На наших глазах гитлеровские бандиты вывозят в Германию награбленное добро из нашей отчизны.
Кровопийцы высасывают все соки из нашего народа.
...Священный долг патриота нашей родины требует от каждого вести беспощадную борьбу с ненавистными оккупантами..."
Не все можно было разобрать в этой листовке, истлевшей от времени. Бросались в глаза строчки:
"Не мазутом, а песком засыпайте буксы, поджигайте эшелоны, цистерны с бензином, создавайте пробки на станциях, всеми способами срывайте транспорт ненавистных оккупантов..."

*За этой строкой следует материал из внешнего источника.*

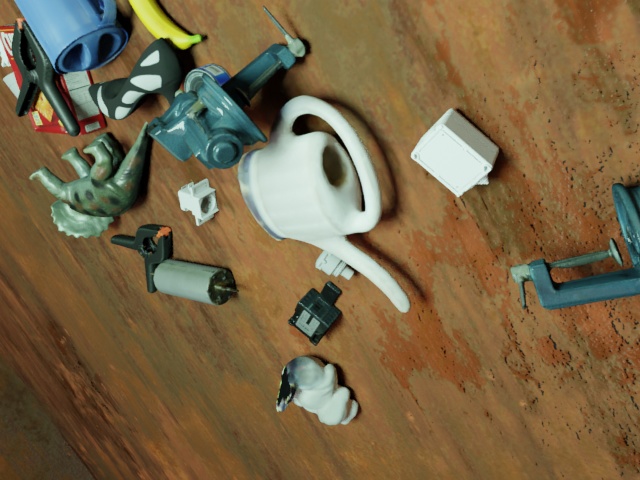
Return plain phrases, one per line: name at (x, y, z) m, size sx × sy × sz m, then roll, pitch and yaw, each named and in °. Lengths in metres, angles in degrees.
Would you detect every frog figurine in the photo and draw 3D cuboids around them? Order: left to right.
frog figurine at (0.003, 0.296, 1.015) m, size 0.159 × 0.125 × 0.134 m, roll 12°, pitch 125°, yaw -15°

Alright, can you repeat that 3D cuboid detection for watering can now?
watering can at (0.002, -0.039, 0.771) m, size 0.223 × 0.106 × 0.343 m, roll -7°, pitch 111°, yaw 40°

Десятки тысяч таких листовок распространил подпольный райком Лазарева. И советские люди, беззаветные патриоты, засыпали буксы песком, поджигали цистерны б бензином, пускали фашистские эшелоны под откос.

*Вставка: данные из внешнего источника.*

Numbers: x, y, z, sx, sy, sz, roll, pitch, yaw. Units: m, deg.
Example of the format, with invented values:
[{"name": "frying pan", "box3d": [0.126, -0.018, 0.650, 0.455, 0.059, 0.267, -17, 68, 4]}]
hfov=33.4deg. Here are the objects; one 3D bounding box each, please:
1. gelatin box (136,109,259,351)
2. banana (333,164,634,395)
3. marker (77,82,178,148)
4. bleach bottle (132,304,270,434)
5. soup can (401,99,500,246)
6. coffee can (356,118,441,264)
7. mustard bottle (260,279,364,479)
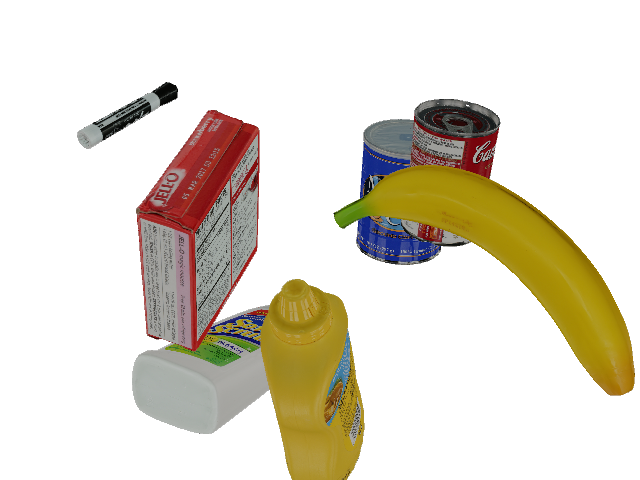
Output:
[{"name": "gelatin box", "box3d": [-0.056, -0.004, 0.499, 0.030, 0.089, 0.073, 18, 49, 12]}, {"name": "banana", "box3d": [0.107, 0.010, 0.616, 0.198, 0.070, 0.037, 33, 20, 10]}, {"name": "marker", "box3d": [-0.180, -0.121, 1.015, 0.020, 0.020, 0.120, 0, 29, 44]}, {"name": "bleach bottle", "box3d": [-0.073, 0.108, 1.079, 0.103, 0.068, 0.250, 15, 24, 26]}, {"name": "soup can", "box3d": [0.103, -0.054, 0.864, 0.068, 0.102, 0.068, 4, 30, -3]}, {"name": "coffee can", "box3d": [0.096, -0.057, 1.241, 0.103, 0.140, 0.103, 2, 28, -1]}, {"name": "mustard bottle", "box3d": [-0.005, 0.092, 0.742, 0.058, 0.096, 0.191, 6, -39, 13]}]

Да, все это было. Теперь это уже история.
Мы снова двинулись дальше, освещая стены дрожащими огоньками своих коптилок. И вдруг, не сговариваясь, под наплывом воспоминаний, партизаны все сразу запели свою подпольную песню, свой партизанский гимн. Их голоса глухо и вместе с тем торжественно звучали под низкими сводами. Цепь огоньков мелькала во мраке. И во всем этом было что-то необыкновенно волнующее, я бы даже сказал - величественное. Они шли и пели ту самую песню, которую пели под землей в то время, когда по земле, в каких-нибудь десятках метров над ними, стучали кованые сапоги захватчиков. Это были страшные дни, месяцы и годы. Это было великое испытание железом и кровью. И большевики-патриоты выдержали его со славой. Не сдали. Я запомнил их песню от слова до слова. Ее сочинил сам Лазарев. Они пели ее на мотив "Оружьем на солнце сверкая". Вот эта песня:
Пошли мы тернистой дорогой,
Далек оказался наш путь.
Наполнилось сердце тревогой,
Нет сил, невозможно вздохнуть.
И припев:
Марш вперед, друзья, в поход,
На разгром фашизма!
Нас вперед всегда ведет
Знамя социализма!
Эти слова, написанные поэтом-самоучкой, может быть, не всюду ладно и гладко, тем не менее произвели на меня громадное впечатление. Каждое слово в них, каждая мысль были глубоко прочувствованы, правдивы, честны и благородны. Это были не стихи. Это была сама жизнь.
В сырых катакомбах глубоких,
Где воздуха мало порой,
Где много обвалов широких,
Живем мы родною семьей.
Жизнь наша - борьба роковая:
В тылу у врага остались.
В борьбе, ни на что невзирая,
Мы тяжесть нести поклялись.
Куда ни ступи - всё преграды.
Царь-голод нам череп сверлит.
Фашистской не ждем мы пощады,
И смерть за плечами стоит.
В рядах наших нет тех, что ноют.
Не тот здесь собрался народ.
Энергию, силу удвоит.
Найдем все же... Будет исход!
Пусть бесятся звери-фашисты.
Блокада их - нам наплевать.
Ставить мины они специалисты.
Их же будем мы ими взрывать.
Нам вера надежду рождает,
Нам вера и бодрость дает,
Кто верит - всегда побеждает,
Позиций своих не сдает.
Что ж делать, когда нет исхода?
На милость врагу не пойдем.
Мы все, как один, за свободу,
За счастье народа умрем.
Когда наконец мы добрались до лагеря номер один, я совершенно выбился из сил. Я был весь мокрый, хоть выжимай. Остальные чувствовали себя прекрасно. Вот что значит привычка!